- Requirement -
Go through the listing and transcribe each line exactly.

>>>>

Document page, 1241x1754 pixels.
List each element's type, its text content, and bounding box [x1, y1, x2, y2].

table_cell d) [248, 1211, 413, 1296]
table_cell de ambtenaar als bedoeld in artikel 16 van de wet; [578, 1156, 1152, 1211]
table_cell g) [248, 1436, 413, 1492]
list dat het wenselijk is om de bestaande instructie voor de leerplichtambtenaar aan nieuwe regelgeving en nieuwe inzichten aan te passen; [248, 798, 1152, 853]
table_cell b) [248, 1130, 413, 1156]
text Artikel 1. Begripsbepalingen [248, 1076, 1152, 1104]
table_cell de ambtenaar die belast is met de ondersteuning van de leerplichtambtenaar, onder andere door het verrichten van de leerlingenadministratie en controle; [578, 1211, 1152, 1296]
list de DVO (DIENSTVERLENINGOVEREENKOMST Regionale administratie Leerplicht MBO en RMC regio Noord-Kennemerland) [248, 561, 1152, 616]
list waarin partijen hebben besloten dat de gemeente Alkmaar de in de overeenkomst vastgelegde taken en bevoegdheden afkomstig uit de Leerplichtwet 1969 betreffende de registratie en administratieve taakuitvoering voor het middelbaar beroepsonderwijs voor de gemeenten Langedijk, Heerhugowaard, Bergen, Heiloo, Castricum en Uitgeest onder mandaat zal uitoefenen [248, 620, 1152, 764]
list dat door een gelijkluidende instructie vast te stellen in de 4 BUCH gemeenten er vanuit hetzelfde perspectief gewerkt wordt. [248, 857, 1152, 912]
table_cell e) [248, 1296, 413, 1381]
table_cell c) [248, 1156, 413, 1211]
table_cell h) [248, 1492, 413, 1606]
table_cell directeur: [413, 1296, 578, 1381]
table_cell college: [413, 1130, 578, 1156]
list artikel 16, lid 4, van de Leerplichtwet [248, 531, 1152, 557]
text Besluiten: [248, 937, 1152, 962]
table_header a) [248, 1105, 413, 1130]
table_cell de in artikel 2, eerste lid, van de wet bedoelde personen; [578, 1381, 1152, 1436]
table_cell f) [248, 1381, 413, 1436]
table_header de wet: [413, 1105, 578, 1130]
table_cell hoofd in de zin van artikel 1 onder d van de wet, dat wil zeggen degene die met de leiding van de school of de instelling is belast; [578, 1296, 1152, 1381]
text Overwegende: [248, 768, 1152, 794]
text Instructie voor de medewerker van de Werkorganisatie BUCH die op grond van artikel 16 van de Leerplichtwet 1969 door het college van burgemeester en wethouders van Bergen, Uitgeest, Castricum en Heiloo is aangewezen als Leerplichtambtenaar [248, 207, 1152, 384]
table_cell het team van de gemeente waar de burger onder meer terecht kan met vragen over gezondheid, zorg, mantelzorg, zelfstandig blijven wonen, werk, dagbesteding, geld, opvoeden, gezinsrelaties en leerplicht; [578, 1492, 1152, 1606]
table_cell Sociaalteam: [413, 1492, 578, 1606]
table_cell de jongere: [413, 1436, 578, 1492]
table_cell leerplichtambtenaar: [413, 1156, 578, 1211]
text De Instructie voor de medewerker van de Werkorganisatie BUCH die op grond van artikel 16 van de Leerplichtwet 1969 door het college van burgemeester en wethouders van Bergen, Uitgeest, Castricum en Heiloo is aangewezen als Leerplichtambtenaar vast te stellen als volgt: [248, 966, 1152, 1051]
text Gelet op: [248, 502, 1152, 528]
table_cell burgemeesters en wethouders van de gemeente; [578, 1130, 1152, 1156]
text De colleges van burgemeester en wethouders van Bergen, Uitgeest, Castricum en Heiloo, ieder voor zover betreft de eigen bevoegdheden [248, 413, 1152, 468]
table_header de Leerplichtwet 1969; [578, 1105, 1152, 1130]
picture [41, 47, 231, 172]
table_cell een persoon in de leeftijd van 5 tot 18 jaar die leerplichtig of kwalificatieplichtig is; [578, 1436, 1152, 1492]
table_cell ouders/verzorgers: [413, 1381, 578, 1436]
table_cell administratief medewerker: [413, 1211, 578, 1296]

<<<<

- Written response -
Document page, 1241x1754 pixels.
List each element's type, its text content, and bounding box [x1, y1, x2, y2].

table_cell d) [248, 1211, 413, 1296]
table_cell de ambtenaar als bedoeld in artikel 16 van de wet; [578, 1156, 1152, 1211]
table_cell g) [248, 1436, 413, 1492]
list dat het wenselijk is om de bestaande instructie voor de leerplichtambtenaar aan nieuwe regelgeving en nieuwe inzichten aan te passen; [248, 798, 1152, 853]
table_cell b) [248, 1130, 413, 1156]
text Artikel 1. Begripsbepalingen [248, 1076, 1152, 1104]
table_cell de ambtenaar die belast is met de ondersteuning van de leerplichtambtenaar, onder andere door het verrichten van de leerlingenadministratie en controle; [578, 1211, 1152, 1296]
list de DVO (DIENSTVERLENINGOVEREENKOMST Regionale administratie Leerplicht MBO en RMC regio Noord-Kennemerland) [248, 561, 1152, 616]
list waarin partijen hebben besloten dat de gemeente Alkmaar de in de overeenkomst vastgelegde taken en bevoegdheden afkomstig uit de Leerplichtwet 1969 betreffende de registratie en administratieve taakuitvoering voor het middelbaar beroepsonderwijs voor de gemeenten Langedijk, Heerhugowaard, Bergen, Heiloo, Castricum en Uitgeest onder mandaat zal uitoefenen [248, 620, 1152, 764]
list dat door een gelijkluidende instructie vast te stellen in de 4 BUCH gemeenten er vanuit hetzelfde perspectief gewerkt wordt. [248, 857, 1152, 912]
table_cell e) [248, 1296, 413, 1381]
table_cell c) [248, 1156, 413, 1211]
table_cell h) [248, 1492, 413, 1606]
table_cell directeur: [413, 1296, 578, 1381]
table_cell college: [413, 1130, 578, 1156]
list artikel 16, lid 4, van de Leerplichtwet [248, 531, 1152, 557]
text Besluiten: [248, 937, 1152, 962]
table_header a) [248, 1105, 413, 1130]
table_cell de in artikel 2, eerste lid, van de wet bedoelde personen; [578, 1381, 1152, 1436]
table_cell f) [248, 1381, 413, 1436]
table_header de wet: [413, 1105, 578, 1130]
table_cell hoofd in de zin van artikel 1 onder d van de wet, dat wil zeggen degene die met de leiding van de school of de instelling is belast; [578, 1296, 1152, 1381]
text Overwegende: [248, 768, 1152, 794]
text Instructie voor de medewerker van de Werkorganisatie BUCH die op grond van artikel 16 van de Leerplichtwet 1969 door het college van burgemeester en wethouders van Bergen, Uitgeest, Castricum en Heiloo is aangewezen als Leerplichtambtenaar [248, 207, 1152, 384]
table_cell het team van de gemeente waar de burger onder meer terecht kan met vragen over gezondheid, zorg, mantelzorg, zelfstandig blijven wonen, werk, dagbesteding, geld, opvoeden, gezinsrelaties en leerplicht; [578, 1492, 1152, 1606]
table_cell Sociaalteam: [413, 1492, 578, 1606]
table_cell de jongere: [413, 1436, 578, 1492]
table_cell leerplichtambtenaar: [413, 1156, 578, 1211]
text De Instructie voor de medewerker van de Werkorganisatie BUCH die op grond van artikel 16 van de Leerplichtwet 1969 door het college van burgemeester en wethouders van Bergen, Uitgeest, Castricum en Heiloo is aangewezen als Leerplichtambtenaar vast te stellen als volgt: [248, 966, 1152, 1051]
text Gelet op: [248, 502, 1152, 528]
table_cell burgemeesters en wethouders van de gemeente; [578, 1130, 1152, 1156]
text De colleges van burgemeester en wethouders van Bergen, Uitgeest, Castricum en Heiloo, ieder voor zover betreft de eigen bevoegdheden [248, 413, 1152, 468]
table_header de Leerplichtwet 1969; [578, 1105, 1152, 1130]
picture [41, 47, 231, 172]
table_cell een persoon in de leeftijd van 5 tot 18 jaar die leerplichtig of kwalificatieplichtig is; [578, 1436, 1152, 1492]
table_cell ouders/verzorgers: [413, 1381, 578, 1436]
table_cell administratief medewerker: [413, 1211, 578, 1296]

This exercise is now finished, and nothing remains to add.